Several conversations that we need to determine to complete the CFC for the upcoming uses.

Location

(consulted OT slack, Will, Octavio)

Currently, FarmOS generates some calculated outputs in lat and lon which are helpful in the API for someone visually reviewing the location, but do not follow a convention like geojson or WKT. However, in reality farmOS requires WKT in it's API, mostly because WKT has a nice library and is a pretty efficient transfer format.

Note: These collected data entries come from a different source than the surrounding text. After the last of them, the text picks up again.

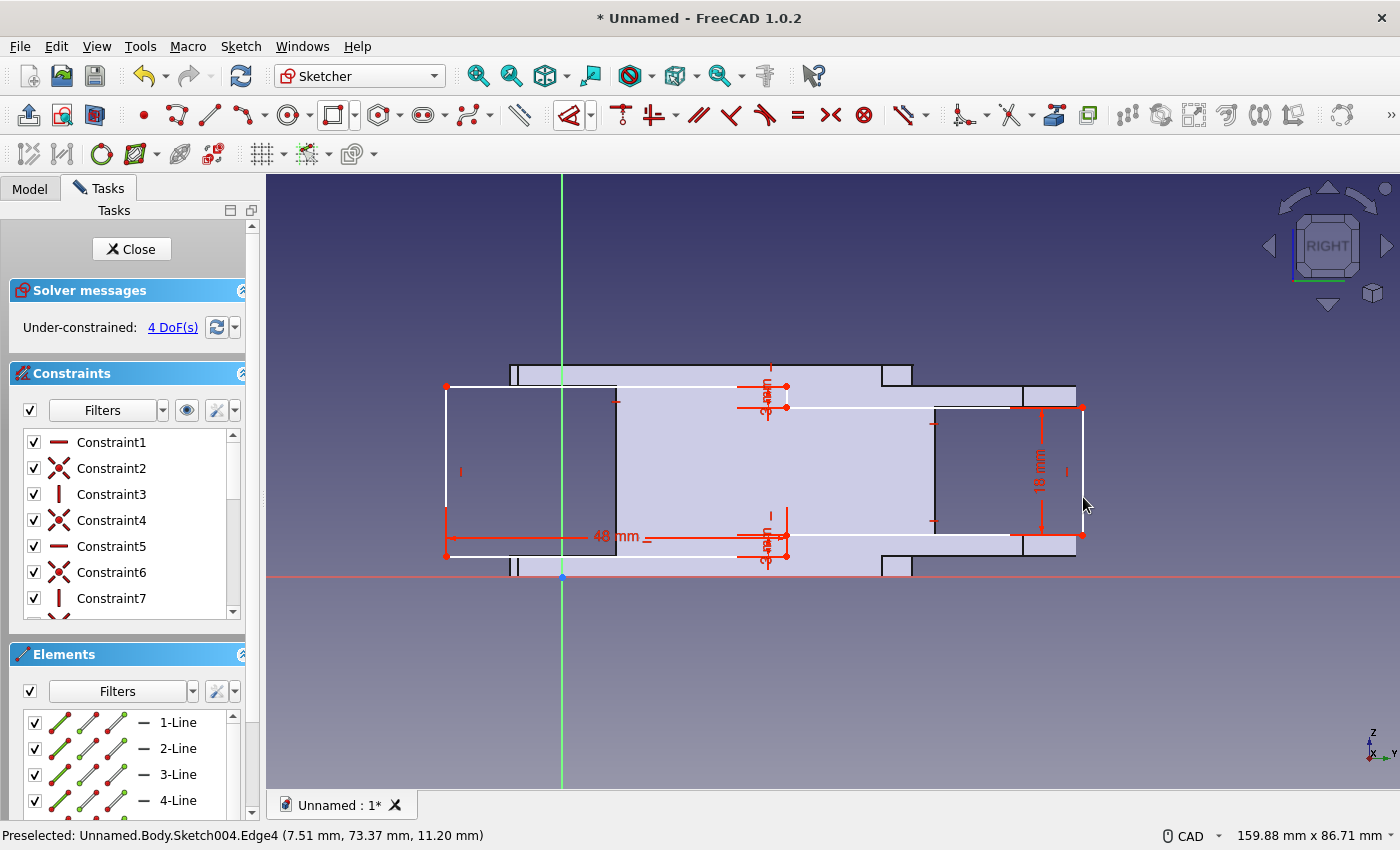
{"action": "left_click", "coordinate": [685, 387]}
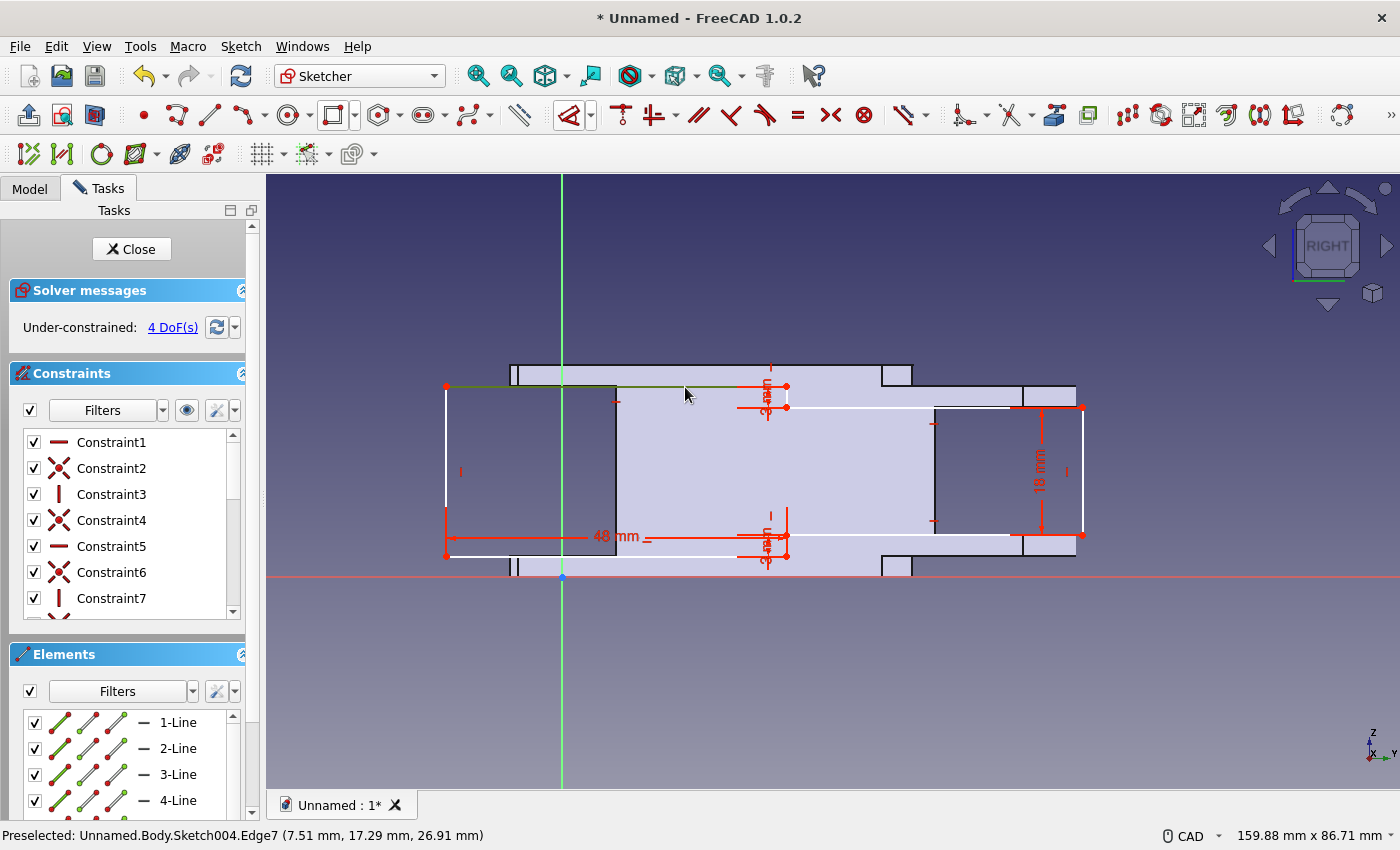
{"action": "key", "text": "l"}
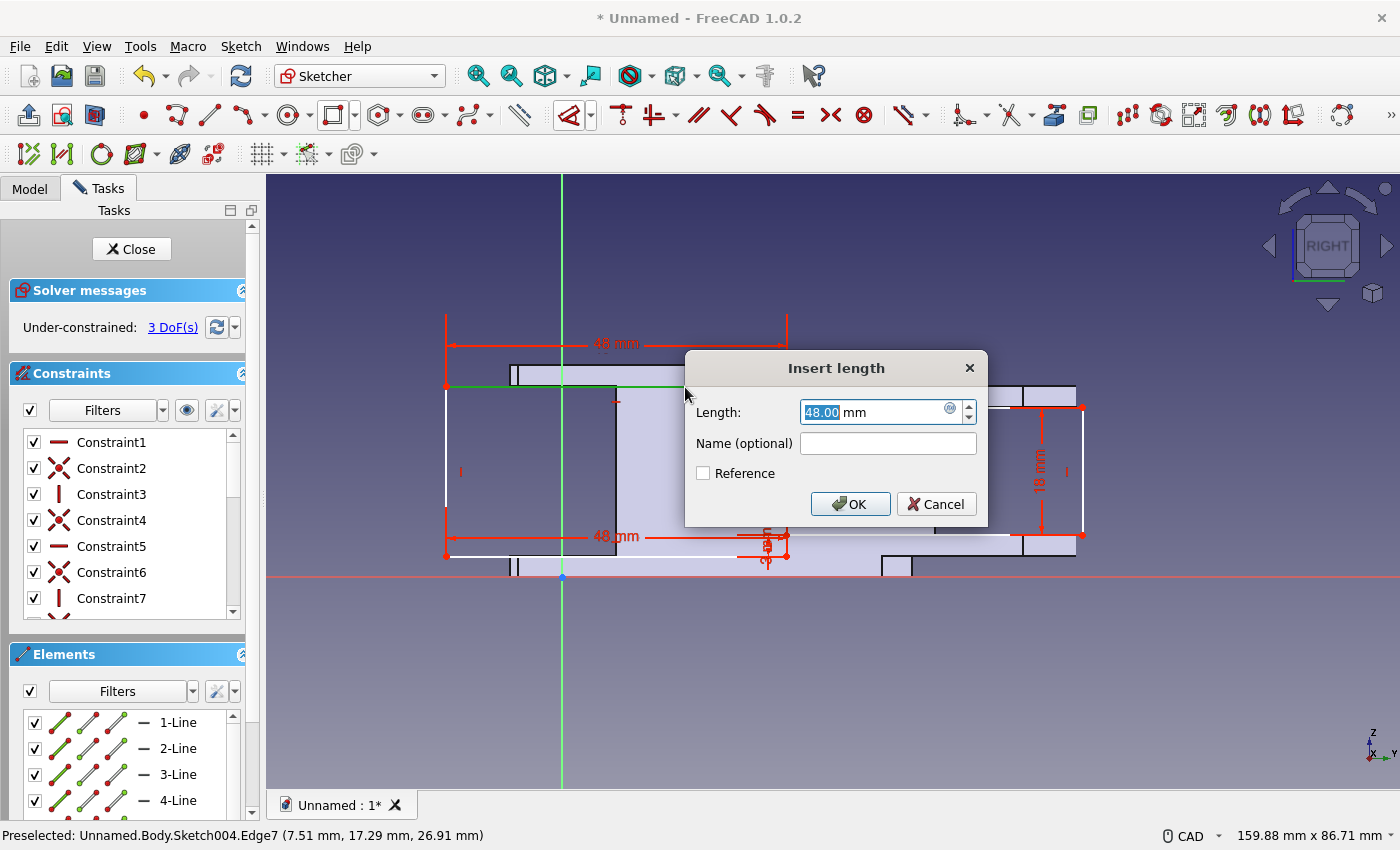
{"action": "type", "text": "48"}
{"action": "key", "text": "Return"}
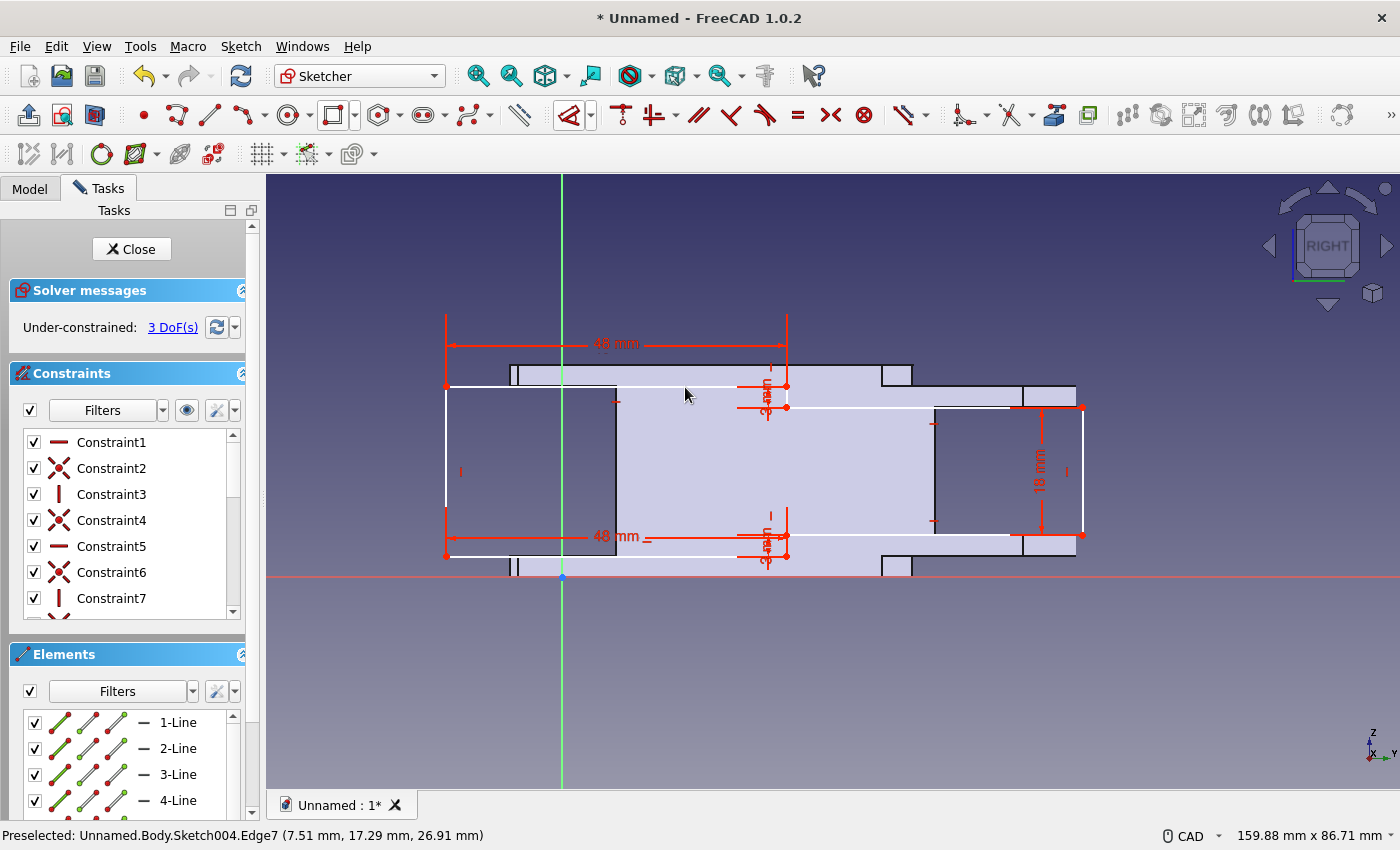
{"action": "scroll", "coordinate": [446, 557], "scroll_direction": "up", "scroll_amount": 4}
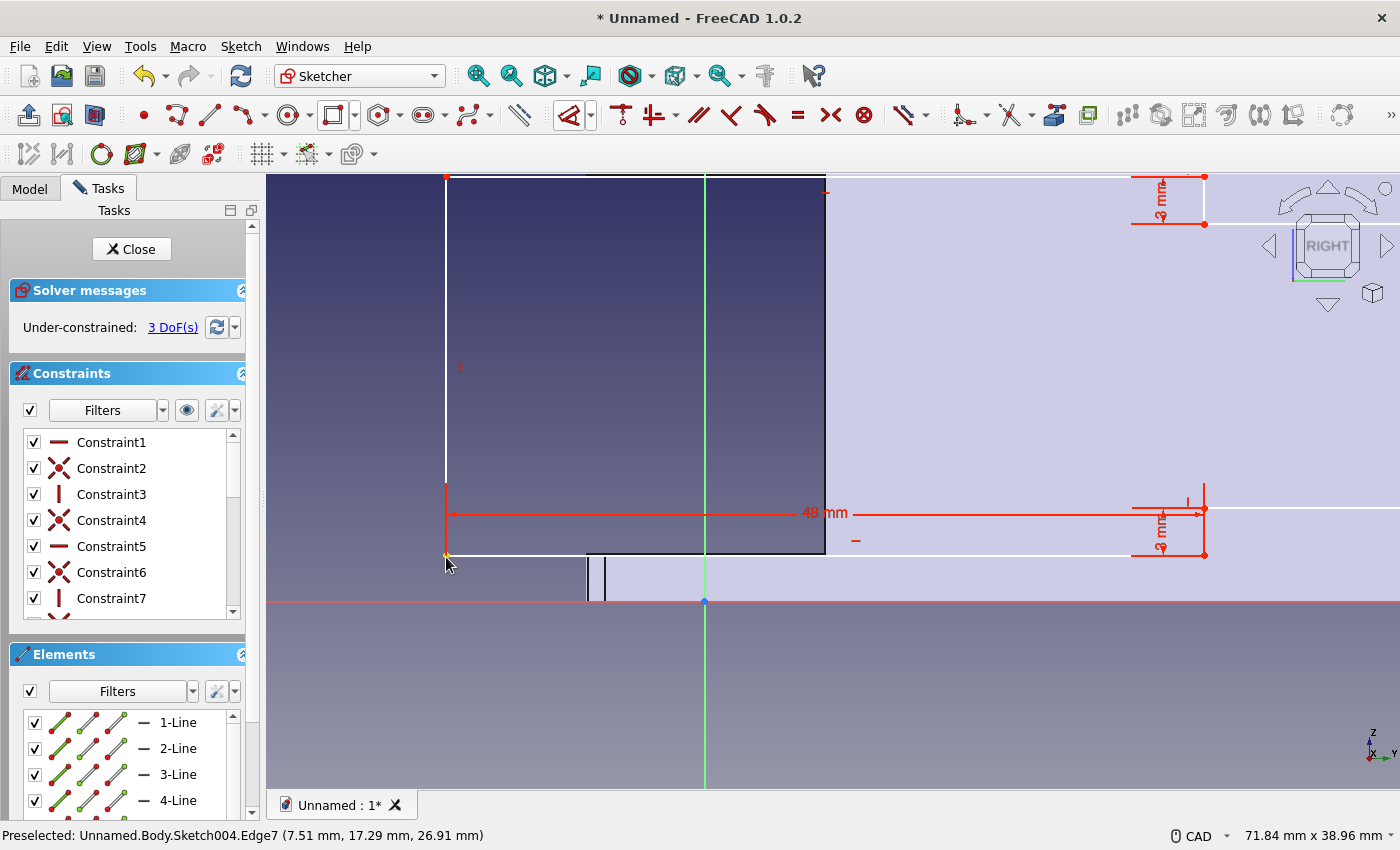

Post on chat in OpenTEAM with pluses and minuses -->

@nerds - question. I'm looking at WKT and GeoJSON to use in the common farm format schema. The main goal of this schema is as a 'file transfer format' to move data around and/or to push data into models or other outputs. There are many entities (fields, farms, etc.) that have locations so this is an important attribute.Here's what chat gpt has to say (nice summary): https://chat.openai.com/share/87cd9393-171e-4aa3-a8c5-9117daf74bb0GeoJSON:

GeoJSON

  • plus: parsable by default without libraries because it's an object
  • plus: broadly used in many places
  • plus: not lossy (can contain all information of all other formats without loss, even Shape)
  • minus: more wordy

WKT

  • plus: less wordy, more efficient
  • minus: more lossy compared to GeoJSON and other formats like Shape)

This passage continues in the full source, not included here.